Figure 4: Selecting three active dimensions optimally balances information retention and noise suppression.
Interpretability and Fine-Grained Judgments
Appendix analyses demonstrate strong internal consistency (64% of cases see all three dimension-wise judgments align with overall preference) and robust identification of dimension co-occurrence structures (e.g., "Location + Attribute" frequently co-occur). Ambiguity analysis further shows tie rates are highest for subjective or ill-defined axes (e.g., "Celebrity") and lowest for objective ones (e.g., "Geometry"), highlighting the model’s capability to capture both clear-cut and ambiguous evaluation subtleties.

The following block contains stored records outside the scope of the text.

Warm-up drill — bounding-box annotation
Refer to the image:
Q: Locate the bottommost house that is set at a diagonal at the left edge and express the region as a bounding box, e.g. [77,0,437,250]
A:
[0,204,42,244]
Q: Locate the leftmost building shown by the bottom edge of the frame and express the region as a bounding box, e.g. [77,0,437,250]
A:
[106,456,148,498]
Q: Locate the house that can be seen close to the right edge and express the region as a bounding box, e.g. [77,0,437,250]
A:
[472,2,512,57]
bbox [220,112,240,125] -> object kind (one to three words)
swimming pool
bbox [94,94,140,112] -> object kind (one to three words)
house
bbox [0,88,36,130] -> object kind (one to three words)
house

Figure 5: High internal consistency between dimension-specific and overall judgment signals.
Figure 6: Most frequent dimension co-occurrence pairs, reflecting naturally coupled vision-language tasks.

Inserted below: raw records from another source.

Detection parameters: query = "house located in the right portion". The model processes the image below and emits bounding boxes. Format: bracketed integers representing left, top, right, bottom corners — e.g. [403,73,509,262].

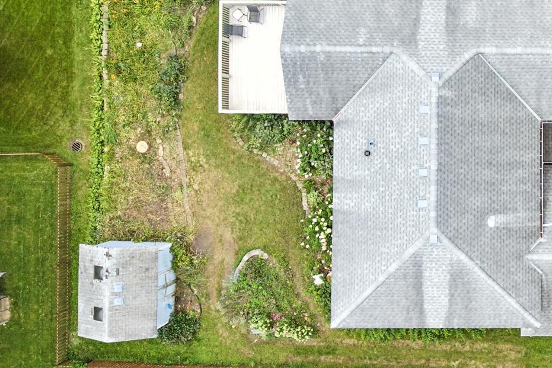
[280,0,552,336]
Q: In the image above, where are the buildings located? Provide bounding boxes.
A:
[280,0,552,336]
[79,241,175,347]
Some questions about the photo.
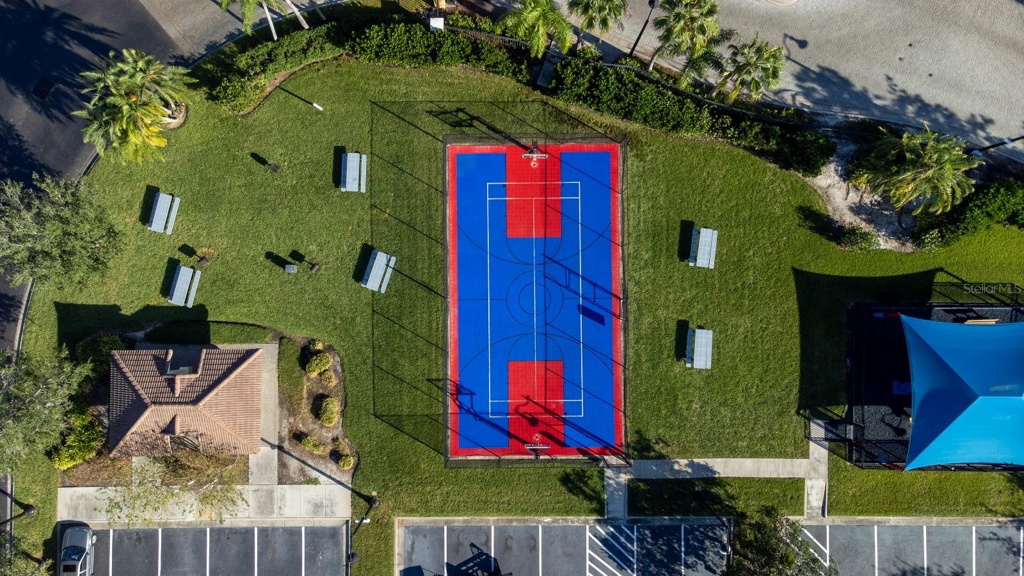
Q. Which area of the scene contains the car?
bottom left
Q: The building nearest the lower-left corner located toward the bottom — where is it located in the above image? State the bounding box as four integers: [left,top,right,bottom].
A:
[108,348,264,458]
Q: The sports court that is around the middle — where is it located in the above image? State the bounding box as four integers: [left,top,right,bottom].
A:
[445,139,626,459]
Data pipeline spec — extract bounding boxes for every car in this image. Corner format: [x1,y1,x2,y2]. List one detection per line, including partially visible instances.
[58,525,102,576]

Figure 7: Judgment tie rates, proxying dimension difficulty and subjectivity.
Downstream Utility: Reward-Conditioned Alignment
VL-MDR’s reward signals provide higher-fidelity supervision for preference-model-based alignment methods. Using DPO to fine-tune LLaVA-OneVision-7B on VL-MDR-generated pairs yields the strongest or comparable results to all leading baselines on image understanding and hallucination mitigation tasks. This supports the claim that dimensionally-structured RMs capture error modes missed by scalar counterparts and provide a scalable enhancement for LVLM alignment pipelines.
Theoretical and Practical Implications
VL-MDR establishes that interpretable yet efficient reward modeling is achievable via dynamic, context-dependent dimension selection rather than fixed or holistic scalar approaches. The method provides explicit rationales for responses, supports targeted debugging and iterative improvement of VLMs, and enables principled isolation of specific failure modes (e.g., visual hallucination vs. reasoning errors).

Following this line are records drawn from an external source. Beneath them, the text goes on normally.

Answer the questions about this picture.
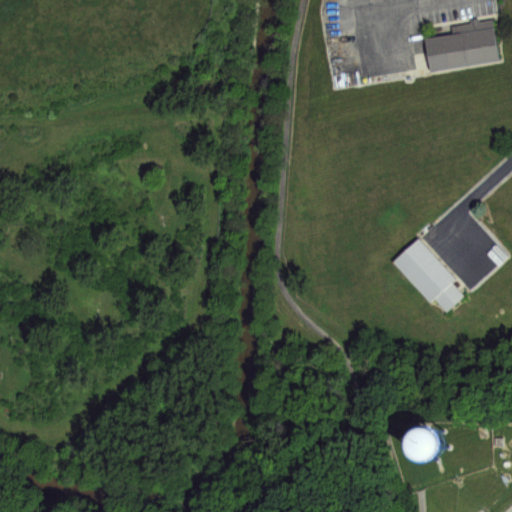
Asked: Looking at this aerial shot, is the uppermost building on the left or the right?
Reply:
right
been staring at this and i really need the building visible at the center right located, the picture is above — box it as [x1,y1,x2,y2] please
[394,239,465,310]
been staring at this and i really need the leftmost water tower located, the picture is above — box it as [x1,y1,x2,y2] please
[402,422,452,464]
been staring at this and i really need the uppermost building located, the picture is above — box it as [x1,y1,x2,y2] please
[425,16,500,72]

The fine-grained dimensional dataset and training paradigm also suggest a unified architecture for multi-task VLM evaluation, easily extensible to new modalities, and more robust to distribution shift due to its explicit handling of task granularity.
Conclusion
This work advances vision-language reward modeling by introducing a dynamic, interpretable, and efficient framework that synergizes the clarity of generative evaluation with the tractability of discriminative scoring. VL-MDR demonstrates strong accuracy, interpretability, and utility for preference-based alignment. Its multi-dimensional supervision protocol provides a template for future VLM development, supporting both practical reliability improvements and detailed theoretical analysis of model failures. Extensions into non-image modalities, more granular taxonomies, and adversarial robustness are natural next steps.